- NZD/USD retreated from an eight-month high of 0.6081, recorded on Thursday.
- US Weekly Initial Jobless Claims climbed to 247,000, above the expected 235,000.
- Market sentiment improved after a productive phone call between Donald Trump and Xi Jinping.
NZD/USD is trading around 0.6030 during the Asian hours on Friday after retreating from the eight-month high of 0.6081, reached on Thursday. The currency cross holds losses as the US Dollar (USD) gains ground, with traders’ cautious awaiting of the upcoming US Nonfarm Payrolls, which is expected to have added 130,000 jobs in May, below the 177,000 increase in April. Moreover, the Unemployment Rate is also expected to hold steady at 4.2%.
UBS' economist Paul Donovan said that the uncertain economic outlook in the United States (US) makes it difficult for the Federal Reserve (Fed) Chairman Jerome Powell to decide on monetary policy. The risk of policy error increases as Powell insists on data dependency. Policy operates with a lag, and real-time data, which is unreliable and normally a bad option.

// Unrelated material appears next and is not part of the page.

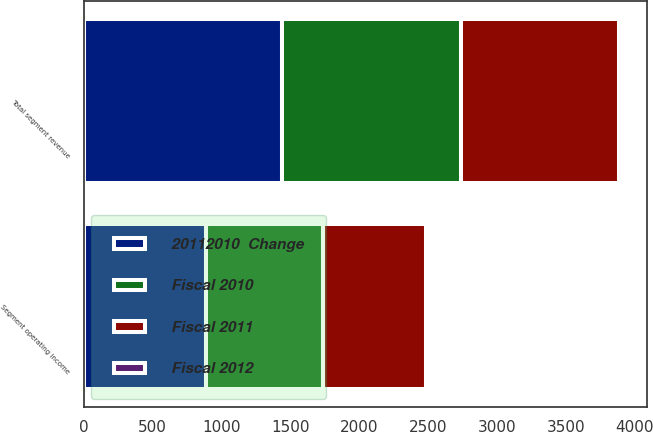<chart> <loc_0><loc_0><loc_500><loc_500><stacked_bar_chart><ecel><fcel>Total segment revenue<fcel>Segment operating income<nl><fcel>20112010  Change<fcel>1441<fcel>886<nl><fcel>Fiscal 2010<fcel>1298<fcel>850<nl><fcel>Fiscal 2011<fcel>1146<fcel>746<nl><fcel>Fiscal 2012<fcel>11<fcel>4<nl></chart> 
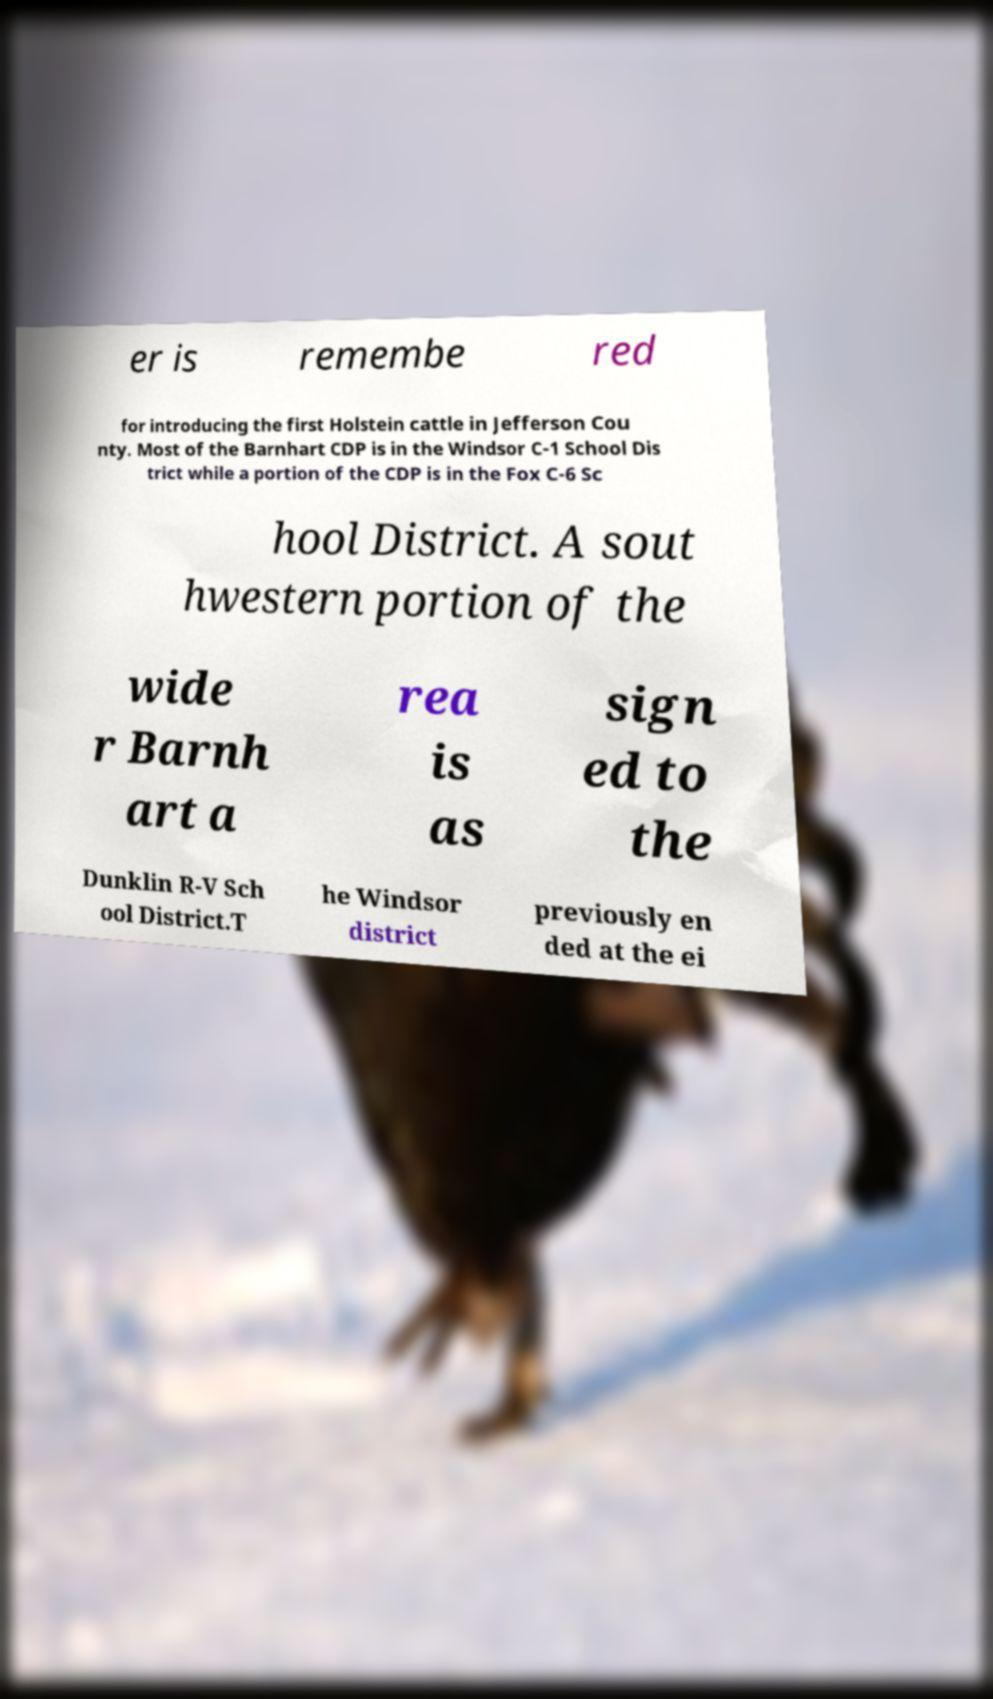Please read and relay the text visible in this image. What does it say? er is remembe red for introducing the first Holstein cattle in Jefferson Cou nty. Most of the Barnhart CDP is in the Windsor C-1 School Dis trict while a portion of the CDP is in the Fox C-6 Sc hool District. A sout hwestern portion of the wide r Barnh art a rea is as sign ed to the Dunklin R-V Sch ool District.T he Windsor district previously en ded at the ei

A productive phone call between US President Donald Trump and Chinese President Xi Jinping has improved the market sentiment. Trump expressed that the call was productive and prepared to continue tariff negotiations. Traders would likely observe Monday’s slew of data from China, including consumer, producer prices, and trade data. Any changes in the Chinese economy could impact the New Zealand Dollar (NZD), as China and New Zealand are close trade partners.
Markets now expect the Reserve Bank of New Zealand (RBNZ) to hold rates steady at its July meeting after delivering a 25 basis point rate cut last week. The central bank is expected to deliver its last rate cut of the cycle in August.
New Zealand Dollar FAQs
The New Zealand Dollar (NZD), also known as the Kiwi, is a well-known traded currency among investors. Its value is broadly determined by the health of the New Zealand economy and the country’s central bank policy. Still, there are some unique particularities that also can make NZD move. The performance of the Chinese economy tends to move the Kiwi because China is New Zealand’s biggest trading partner. Bad news for the Chinese economy likely means less New Zealand exports to the country, hitting the economy and thus its currency. Another factor moving NZD is dairy prices as the dairy industry is New Zealand’s main export. High dairy prices boost export income, contributing positively to the economy and thus to the NZD.
The Reserve Bank of New Zealand (RBNZ) aims to achieve and maintain an inflation rate between 1% and 3% over the medium term, with a focus to keep it near the 2% mid-point. To this end, the bank sets an appropriate level of interest rates. When inflation is too high, the RBNZ will increase interest rates to cool the economy, but the move will also make bond yields higher, increasing investors’ appeal to invest in the country and thus boosting NZD. On the contrary, lower interest rates tend to weaken NZD. The so-called rate differential, or how rates in New Zealand are or are expected to be compared to the ones set by the US Federal Reserve, can also play a key role in moving the NZD/USD pair.
Macroeconomic data releases in New Zealand are key to assess the state of the economy and can impact the New Zealand Dollar’s (NZD) valuation. A strong economy, based on high economic growth, low unemployment and high confidence is good for NZD. High economic growth attracts foreign investment and may encourage the Reserve Bank of New Zealand to increase interest rates, if this economic strength comes together with elevated inflation. Conversely, if economic data is weak, NZD is likely to depreciate.
The New Zealand Dollar (NZD) tends to strengthen during risk-on periods, or when investors perceive that broader market risks are low and are optimistic about growth. This tends to lead to a more favorable outlook for commodities and so-called ‘commodity currencies’ such as the Kiwi. Conversely, NZD tends to weaken at times of market turbulence or economic uncertainty as investors tend to sell higher-risk assets and flee to the more-stable safe havens.